ファントム。なにかくせになりそうな言葉だ。

ほかにも、自然治癒についてこんな表現があり、なるほどなどと思ってしまったが、どうだろうか。

 さて内因であれ外因であれ、いのちにひずみが引き起こされ、一定限度を超えると、生体恒常性が発動されます。その働きを三つに分けて考えるのが便利です。(1)因を除去する活動、(2)ひずみ修復の活動、(3)修復を助ける活動の三つです。

 哺乳動物にあっては(1)因を除去する活動は、内部に侵入した微生物に対する免疫活動から、別の場所に移動したり、住居環境をしつらえたりする活動の広がりがあります。さらにその活動が別種のからだのひずみを生み出して、新たな内因となったりします。

 (2)のひずみの修復の活動は、教義の生体恒常性であり、自然治癒力の核です。その典型は傷の治癒の過程です。

 (3)としては、動物がうちなる自然治癒力の活動を助けるべく、状況を設定する活動があります。その中心となるのは環境の整備と退行であり、ともに生体の活動域を縮小して、生体恒常性の営みに専念できるように務めることです。典型はいわゆる「元気がない状態」です。活動域を縮小することで、生体恒常性の機能を保護するのです。

そして、医療というものの薬物や手術などは、そとから生体に加えられる歪みなので、必ず外因になるという。有益であれ、無益であれ、かならず有害な作用をもたらす。治療者は、その歪みを推察せよという。

これなど、風邪薬を処方されて、それを飲んで治っただの、治らんだの言う患者の側からはあまり想像できないことである。とはいえ、おれのような精神障害者抗精神病薬を処方されたら、少しは想像できる話でもある。
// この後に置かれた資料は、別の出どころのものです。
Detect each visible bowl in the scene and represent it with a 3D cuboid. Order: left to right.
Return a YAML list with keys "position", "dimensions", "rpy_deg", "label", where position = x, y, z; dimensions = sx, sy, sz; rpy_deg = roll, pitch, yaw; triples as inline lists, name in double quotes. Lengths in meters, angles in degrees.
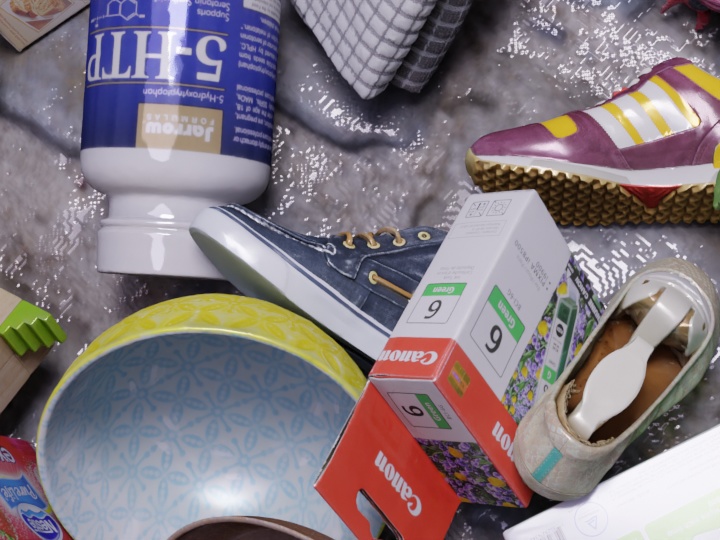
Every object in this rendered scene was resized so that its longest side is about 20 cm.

そんなところで、なんだ、なんの話だったか。神田橋條治医師の話だったか。ともかく、なにかしら特殊な医師というものはいるものであって、それがうまく作用している場合には名医と呼ばれるのだろう。とはいえ、一歩間違うと、なにかえらい間違いになるのかもしれない。
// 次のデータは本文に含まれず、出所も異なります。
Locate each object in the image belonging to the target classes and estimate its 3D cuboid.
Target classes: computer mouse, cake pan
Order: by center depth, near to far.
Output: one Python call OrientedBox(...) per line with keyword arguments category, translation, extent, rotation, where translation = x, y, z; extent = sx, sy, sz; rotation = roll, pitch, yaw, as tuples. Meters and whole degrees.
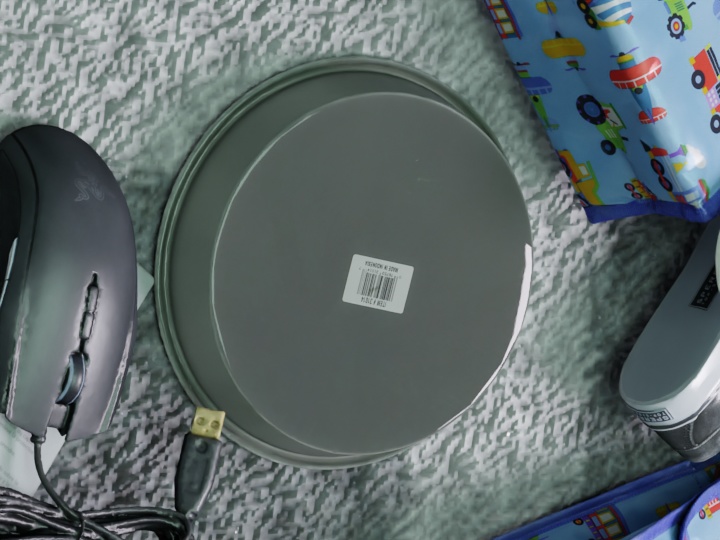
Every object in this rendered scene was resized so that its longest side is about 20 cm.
OrientedBox(category="computer mouse", translation=(-0.109, 0.037, 1.291), extent=(0.140, 0.046, 0.201), rotation=(18, 69, -37))
OrientedBox(category="cake pan", translation=(0.000, 0.000, 1.376), extent=(0.199, 0.037, 0.201), rotation=(-5, 102, -26))

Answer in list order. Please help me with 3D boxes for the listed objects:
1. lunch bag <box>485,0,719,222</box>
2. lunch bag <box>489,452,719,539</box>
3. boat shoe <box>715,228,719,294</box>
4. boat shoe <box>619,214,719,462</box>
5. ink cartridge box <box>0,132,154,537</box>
OrientedBox(category="lunch bag", translation=(0.172, -0.139, 1.414), extent=(0.200, 0.094, 0.151), rotation=(-38, 112, -29))
OrientedBox(category="lunch bag", translation=(0.152, 0.186, 1.472), extent=(0.200, 0.094, 0.151), rotation=(-24, 109, -34))
OrientedBox(category="boat shoe", translation=(0.248, -0.024, 1.396), extent=(0.200, 0.060, 0.074), rotation=(-16, 113, -43))
OrientedBox(category="boat shoe", translation=(0.212, 0.008, 1.465), extent=(0.068, 0.073, 0.200), rotation=(44, 72, -35))
OrientedBox(category="ink cartridge box", translation=(-0.205, 0.011, 1.273), extent=(0.200, 0.043, 0.174), rotation=(45, 55, -26))

正直、神田橋條治という医師について、おれはよくわかっていない。一方で名医と言われるのだろうと思うし、一方で呪い師のように考えられているのかもしれない。そのあたりについて、現役の医師の言葉などを聞きたいとも思うが、まあいい。おれにはおれの病があって、おれにはおれの主治医がいる。幸いにしておれはおれの主治医を信頼しているので、処方される薬にも信頼を置いている。とりあえずのところ、それでいい。

それでもなお、人間のこころというもの、こころの病というものについて、興味は尽きないのだが。